The CSS for HTML output can be accessed by schnarkDiff.style.get(), resp. schnarkDiff.style.set().

property meaning
equal equal text
omit omitted text
ins inserted text
del deleted text
movedDel deleted text that was moved somewhere else
movedIns inserted text that was moved from somewhere else
movedFrom place where a block was moved from (a link to the new place)
movedTo moved text
movedHover moved text (when the user hovers over the original or new place, you have to call addEvents to make it work)
movedTarget moved text (when the user clicked on the link)
blocks array of styles for different blocks
repeatBlocks how often to repeat the colors for blocks (i.e. if set to 2, and blocks contains 5 entries, there will be styles for 10 blocks)
additional additional CSS code

All public functions are members of schnarkDiff.

Returns CSS code (string) that can be used with mw.util.addCSS.

Parameters: old and new text (string), flag whether to output nested blocks (boolean)

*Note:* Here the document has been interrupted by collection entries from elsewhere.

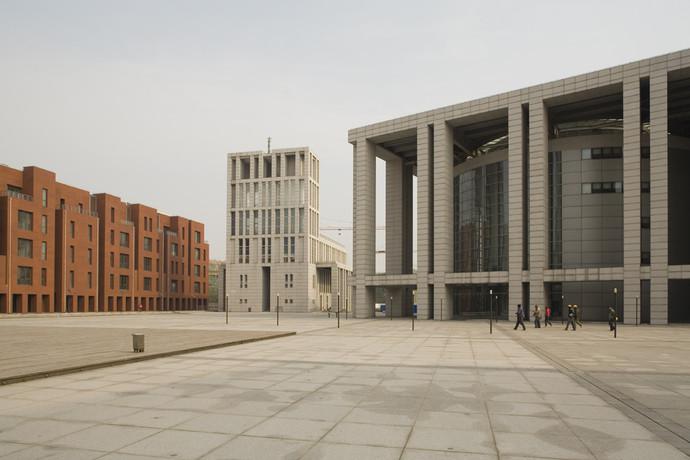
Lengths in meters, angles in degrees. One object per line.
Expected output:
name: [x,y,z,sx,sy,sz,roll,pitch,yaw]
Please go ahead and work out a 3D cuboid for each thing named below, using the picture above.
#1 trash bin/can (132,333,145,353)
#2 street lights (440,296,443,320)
trash bin/can: [-12.763,7.143,42.923,0.660,1.067,0.832,-1,8,-14]
street lights: [12.639,10.117,89.213,0.380,2.749,0.652,1,8,0]
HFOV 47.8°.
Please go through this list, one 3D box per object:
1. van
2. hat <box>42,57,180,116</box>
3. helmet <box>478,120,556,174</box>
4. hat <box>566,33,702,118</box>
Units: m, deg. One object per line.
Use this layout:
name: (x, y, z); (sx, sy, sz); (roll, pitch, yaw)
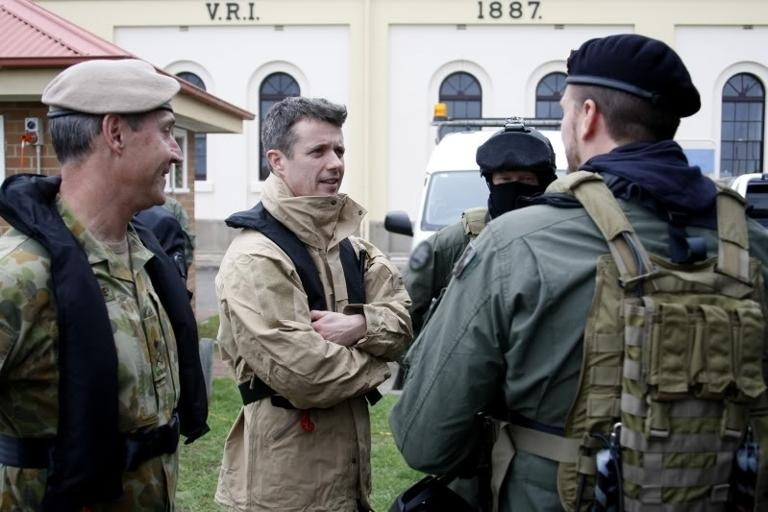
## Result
van: (0.668, -0.675, 8.598); (1.026, 1.004, 1.763); (0, 2, 10)
hat: (-1.157, -0.713, 3.676); (0.361, 0.143, 0.340); (-1, 11, -3)
helmet: (0.778, -0.662, 5.076); (0.271, 0.317, 0.346); (1, 15, 9)
hat: (1.118, -0.814, 3.865); (0.518, 0.329, 0.693); (-1, 15, -44)

Returns the diff in an array. Each entry is an array of the form ['text', 'action'] where 'text' is the text of the block and action is one of the following symbols:

symbol meaning
= text stayed the same
+ text was inserted
- text was deleted
: text was moved from here
. text was moved to here
< text was moved to here, begin of a nested block
> text was moved to here, end of a nested block

For the actions :, . and < there is a third entry, indicating the block number (each occuring twice).

Note that it may happen, that text is an empty string.

Parameters: old and new text (string), flag whether to output nested blocks (boolean)

Returns the diff as HTML (string).

Note that nested blocks only make sense with indicateMoves of value 1. Don't expect anything sensible if you ignore this.

Parameters: jQuery object of diff

Adds event handlers to handle hovering over moved text.

{config|style}.get

[Bearbeiten | Quelltext bearbeiten]

Parameters: key (string)/array of keys/nothing

Gets the value, a hash for all keys in the array, or a hash of all key-value-pairs.

{config|style}.set

[Bearbeiten | Quelltext bearbeiten]

Parameters: key (string)/hash, value (if the first parameter isn't a hash)

Sets the value for the key, or values for all keys provided by the hash.

Parameters: character or character range (string), display (string)

Adds a character to provide a substitute (possibly with tooltip) for in HTML diff.

Parameters: separators (string)

The given string will be used as character class in a regular expression to split the text into words.

The code can be found at Benutzer:Schnark/js/diff.js/core.js. Benutzer:Schnark/js/diff.js/core.js/test.js provides some tests for the algorithm.

  1. Look at the history of this documentation and of the script, if you want to see other ideas.